Dalam tahap perencanaan pada kasus Benigna Prostat Hiperplasia pada
Tn. M di ruang Bedah Campuran , penulis menggunakan perencanaan yang
bersifat prioritas yang digunakan untuk mengurangi/menghilangkan keluhan
utama pada pasien. Kesulitan pada tahap ini terutama terdapat pada minimnya
waktu yang disediakan serta terbatasnya tindakan yang mampu dimaksimalkan
karenanya. Kemudahan yang didapatkan adalah adanya kolaborasi yang baik
dari teman sejawat serta pasien dan keluarganya dalam memenuhi pemenuhan
keperawatan yang ada.

4. Implementasi Keperawatan
Implementasi adalah tahap akhir dari sebuah asuhan keperawatan yang
diberikan sebelum evaluasi. Pada tahap ini semua rencana yang telah diberikan
baik itu prioritas maupun non prioritas akan diterapkan dan dilaksanakan
terhadap pasien. Sekali lagi dalam tahap ini dituntut sikap kompeten dan
profesional dari tenaga kesehatan guna mendapatkan hasil yang maksimal dan
memuaskan dari tahap pengkajian, perumusan diagnosa, hingga intervensi yang
ada. ( Crosseti and Saurin, 2006 ).
Dalam tahap ini kesulitan yang ditemukan adalah rencana yang belum
mampu terlaksana karena keterbatasan waktu yang ada. Kemudahan yang
didapatkan adalah adanya bantuan dari tenaga seprofesi yang membantu dalam
menjalankan tindakan keperawatan.

5. Evaluasi
Evaluasi merupakan tahap akhir dimana tindakan mulai dari pengkajian
hingga pelaksanaan akan dilakukan penilaian pencapaian tingkat
keberhasilannya.
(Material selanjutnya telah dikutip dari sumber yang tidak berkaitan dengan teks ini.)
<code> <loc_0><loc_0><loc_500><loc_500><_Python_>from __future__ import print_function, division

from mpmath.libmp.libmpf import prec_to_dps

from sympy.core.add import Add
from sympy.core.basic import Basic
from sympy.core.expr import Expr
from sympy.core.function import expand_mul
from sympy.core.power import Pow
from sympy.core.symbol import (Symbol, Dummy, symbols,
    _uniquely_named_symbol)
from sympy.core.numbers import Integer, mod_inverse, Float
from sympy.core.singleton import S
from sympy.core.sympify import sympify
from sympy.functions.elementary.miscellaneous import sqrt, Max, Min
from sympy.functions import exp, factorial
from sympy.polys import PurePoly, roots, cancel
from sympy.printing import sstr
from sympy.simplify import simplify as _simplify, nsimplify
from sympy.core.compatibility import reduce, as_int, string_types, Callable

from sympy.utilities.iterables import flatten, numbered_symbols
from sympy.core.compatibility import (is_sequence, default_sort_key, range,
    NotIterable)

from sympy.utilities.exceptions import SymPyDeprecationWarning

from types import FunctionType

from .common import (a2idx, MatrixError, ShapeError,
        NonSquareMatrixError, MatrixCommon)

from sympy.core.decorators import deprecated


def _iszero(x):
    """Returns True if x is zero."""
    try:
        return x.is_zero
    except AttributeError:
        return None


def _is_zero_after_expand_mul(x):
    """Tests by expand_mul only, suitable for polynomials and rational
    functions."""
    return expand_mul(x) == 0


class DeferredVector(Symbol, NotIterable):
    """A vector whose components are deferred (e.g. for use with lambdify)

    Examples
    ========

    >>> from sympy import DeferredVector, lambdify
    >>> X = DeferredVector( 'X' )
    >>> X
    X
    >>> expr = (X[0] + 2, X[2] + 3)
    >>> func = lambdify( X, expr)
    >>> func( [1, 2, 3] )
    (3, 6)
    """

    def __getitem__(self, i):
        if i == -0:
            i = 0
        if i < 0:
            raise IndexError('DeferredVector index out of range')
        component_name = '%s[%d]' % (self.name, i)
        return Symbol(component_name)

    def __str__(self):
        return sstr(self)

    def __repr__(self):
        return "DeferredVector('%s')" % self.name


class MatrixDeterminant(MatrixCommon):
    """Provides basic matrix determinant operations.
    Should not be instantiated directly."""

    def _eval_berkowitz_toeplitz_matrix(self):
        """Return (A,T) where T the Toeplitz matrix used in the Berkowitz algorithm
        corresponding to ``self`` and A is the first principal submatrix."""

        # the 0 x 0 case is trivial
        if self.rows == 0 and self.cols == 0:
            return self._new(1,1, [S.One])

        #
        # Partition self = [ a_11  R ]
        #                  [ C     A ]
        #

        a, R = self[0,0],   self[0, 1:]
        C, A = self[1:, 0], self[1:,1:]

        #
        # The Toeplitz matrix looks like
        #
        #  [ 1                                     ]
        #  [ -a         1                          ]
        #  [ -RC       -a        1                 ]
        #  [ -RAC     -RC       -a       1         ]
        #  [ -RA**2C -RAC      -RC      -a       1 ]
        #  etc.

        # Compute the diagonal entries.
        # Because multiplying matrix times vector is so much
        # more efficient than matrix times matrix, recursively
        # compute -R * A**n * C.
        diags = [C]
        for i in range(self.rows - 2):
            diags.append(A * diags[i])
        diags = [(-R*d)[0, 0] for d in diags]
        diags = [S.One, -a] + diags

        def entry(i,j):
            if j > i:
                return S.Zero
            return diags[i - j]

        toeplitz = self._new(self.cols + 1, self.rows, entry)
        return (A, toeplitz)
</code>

Pada tahap ini semua tindakan akan dikembangkan guna
mengetahui letak kekurangan dan kelebihan pada asuhan keperawatan. Tingkat
keberhasilan yang tinggi serta kemajuan dalam pola perubahan kesehatan
merupakan hasil yang paling diharapkan oleh tenaga kesehatan ( Minthorn, 2006
)
Pada tahap ini penulis telah melakukan penilaian atas kinerja yang dicapai
selama proses keperawatan berlangsung. Walaupun masih masuk kedalam
kategori belum memuaskan dikemudian hari akan coba ditingkatkan.
BAB IV
Kesimpulan dan Saran
A. Kesimpulan
Benigna Prostat Hiperplasia merupakan penyakit yang terjadi karena
adanya penyumbatan jalan kemih oleh benda asing, sel kanker, kista, yang
menyebabkan ketidakmampuan seseorang untuk berkemih secara normal.
Selain itu BPH juga terjadi akibat pola hidup yang tidak sehat dan bersih.
Hal ini menyebabkan terjadinya pembesaran kelenjar prostat sehingga menutupi
saluran kemih yang menghambat proses pengeluaran urine.
Akan tetapi BPH bisa dihindari dengan menjaga pola hidup serta
kebersihan alat kelamin. Terlebih juga dapat dilakukan pembedahan guna
mengembalikan kegunaan dari alat kelamin.

B. Saran
Sebaiknya, untuk menghindari terjadinya penyakit BPH di usia senja akan
lebih baik jika pola hidup sehat dan bersih ditingkatkan. Kemudian melakukan
aktivitas seperti olahraga terbukti dapat mengurangi persentase mengidap BPH.

Daftar Pustaka
Basuki, Purnomo. (2000). Dasar-Dasar Urologi, Perpustakaan Nasional RI, Katalog Dalam
Terbitan (KTD): Jakarta.
Hardjowidjoto, S. (2000). Benigna Prostat Hiperplasi. Airlangga University Press: Surabaya
Doenges, M.E., Marry, F..M and Alice, C.G., 2000. Rencana Asuhan Keperawatan :
Pedoman Untuk Perencanaan Dan Pendokumentasian Perawatan Pasien. Jakarta, Penerbit
Buku Kedokteran EGC.
Sjamsuhidayat, (2005). Buku Ajar Ilmu Bedah. Edisi 2.Jakarta: EGC
Smeltzer, Suzanne C, Brenda G Bare. (2002). Buku Ajar Keperawatan Medikal Bedah
Brunner & Suddarth. Edisi 8 Vol 2. Jakarta : EGC.